Er war 41 Jahre lang Vordenker, Sprecher und Lenker für die Werbebranche.

Volker Nickel (Foto: zaw)

Im Alter von 80 Jahren ist Volker Nickel, der langjährige Sprecher von ZAW und dem Deutschen Werberat, am 26. September in Berlin verstorben. 41 Jahre lang war Nickel Vordenker, Sprecher und Lenker für die Werbebranche, bis er sich vor zehn Jahren, im Sommer 2013, in den wohlverdienten Ruhestand verabschiedete. Wer Volker Nickel kannte, wusste, dass dies eine Verabschiedung vom Beruf, nicht aber von seiner Berufung war. Das präzise Nachdenken über die Irrungen und Wirrungen der Politik, Kultur, Wirtschaft, Gesellschaft – auch der eigenen Branche und Profession – einzustellen, entsprach nicht seiner Natur, seinem Intellekt und seinem Temperament. Er blieb der Gegenwart, vor allem aber der Zukunft der Werbung verbunden. Denn Ihre Relevanz war für ihn eine Herzensangelegenheit und ihre Freiheit und Verantwortung bedeuteten ihm weiter viel.

Geboren 1943 in Breslau, kam er in den Nachkriegswirren mit seiner Familie nach Berlin, wo er aufwuchs und das journalistische Handwerk erlernte. Beruflich zog es ihn 1968 weiter nach Bonn, einer Stadt, die er zeitlebens für sich als Übergang betrachtete. Von 1970 bis 1972 arbeitete er in stellvertretender Funktion als Leiter der Informationsabteilung der Centralen Marketinggesellschaft der deutschen Agrarwirtschaft. 1972 wurde er Sprecher des ZAW und danach der neu gegründeten Selbstkontrolleinrichtung Deutscher Werberat, einer Institution, an deren Entstehung er maßgeblich beteiligt war. Als der ZAW 2003 nach Berlin umzog, war es für Volker Nickel die Rückkehr in „seine Stadt“.

ZAW-Präsident Andreas F. Schubert: „Volker Nickel war ein Vordenker unserer Branche, wie es kaum einen anderen gab.
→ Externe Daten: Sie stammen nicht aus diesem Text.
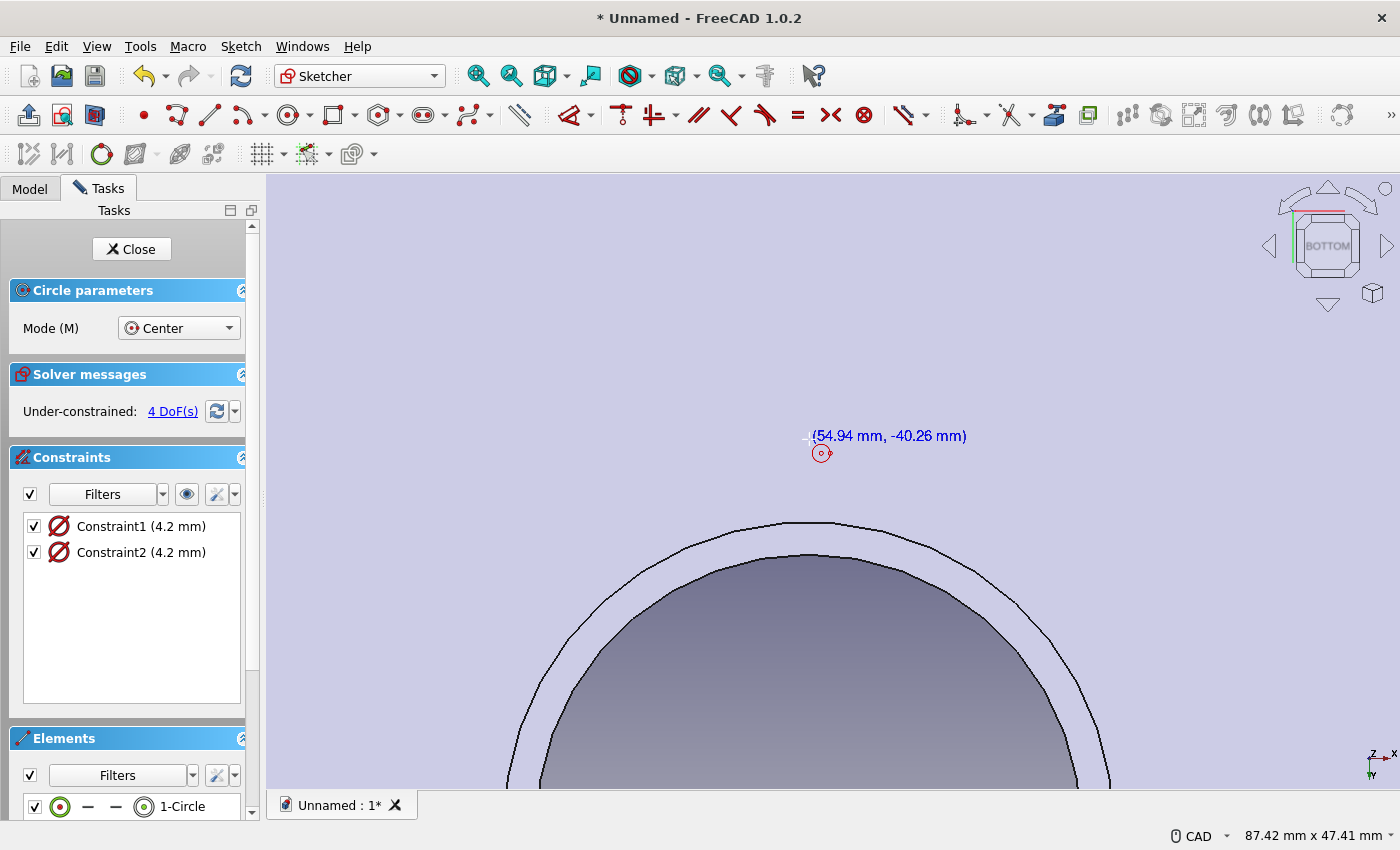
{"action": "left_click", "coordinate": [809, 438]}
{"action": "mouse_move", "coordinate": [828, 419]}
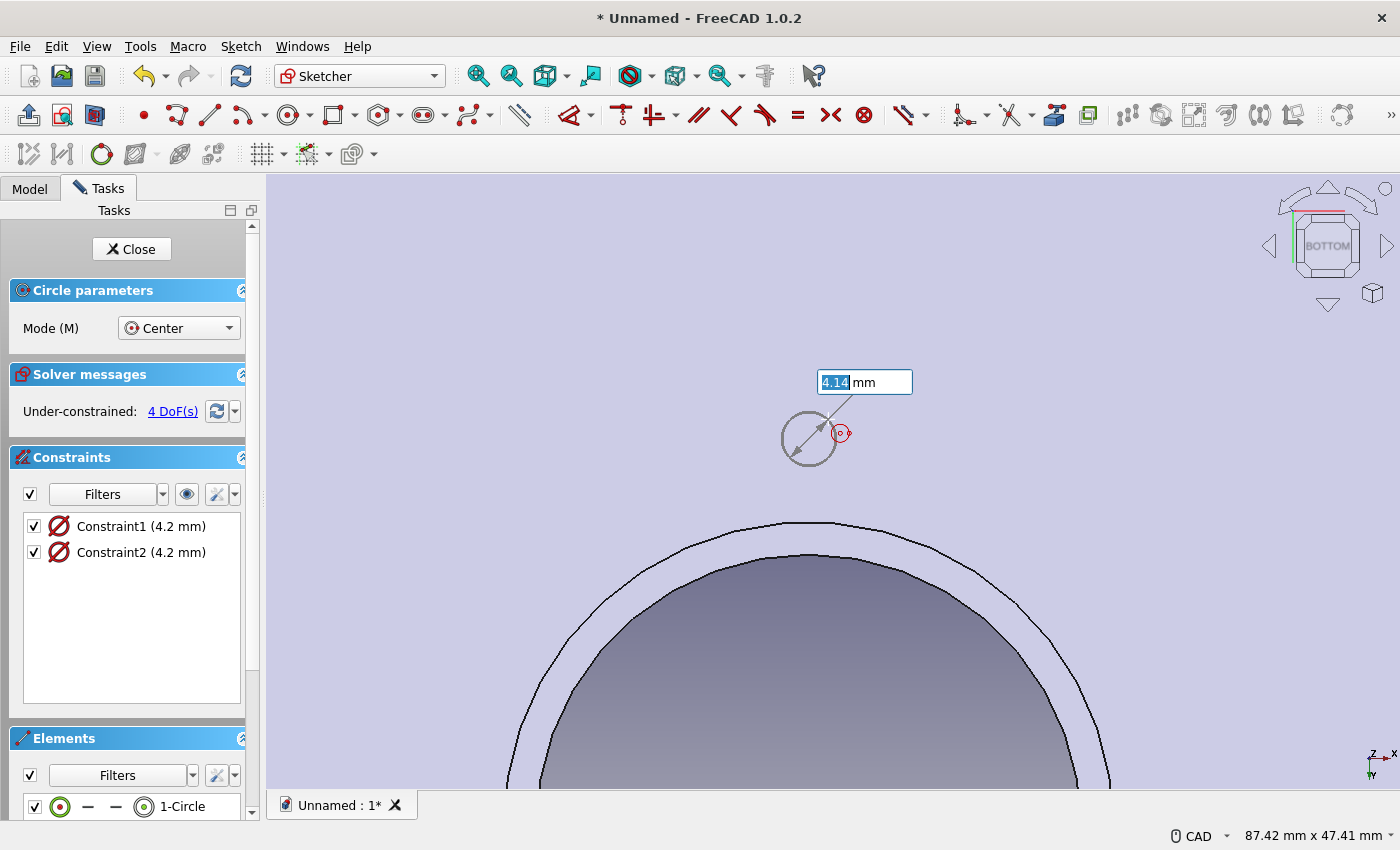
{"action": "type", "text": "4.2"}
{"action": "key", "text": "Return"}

Er war ihre Stimme und wurde in Politik, Wirtschaft und Gesellschaft gehört. Die Werbewirtschaft und ganz besonders wir als ZAW verdanken ihm unendlich viel. Als Sprecher und Geschäftsführer Freiheit für die Werbung hat er bei Journalisten und Kollegen der Werbebranche Denkmalstatus, auch zehn Jahre nach seiner Verabschiedung sind seine präzisen Analysen und treffenden Formulierungen, auch wenn sie für manche provokant klangen, immer wieder Thema. Er bleibt unvergessen, ebenso seine Verdienste.“

In seiner Abschiedsrede vom 6. September 2013 – natürlich über die Zukunft der Werbung – sagte Nickel bescheiden: „Mich selbst haben wir hier rasch mit zwei Bildern abgehandelt. Erstes Bild: Die eigene Bedeutung schwindet, wenn man versucht, sich aus größerem Abstand zu sehen. Das macht eine ganz andere Dimension deutlich: Hier sehen wir die Erde mit ihrem Durchmesser von 12.700 Kilometern vom Saturn aus fotografiert. Da relativiert sich Einiges. Das zweite Bild zeigt, dass der Einzelne seine Leuchtkraft vor allem in Gemeinschaft mit anderen erhält.“

Deine Leuchtkraft bleibt, lieber Volker, wir werden sie bewahren!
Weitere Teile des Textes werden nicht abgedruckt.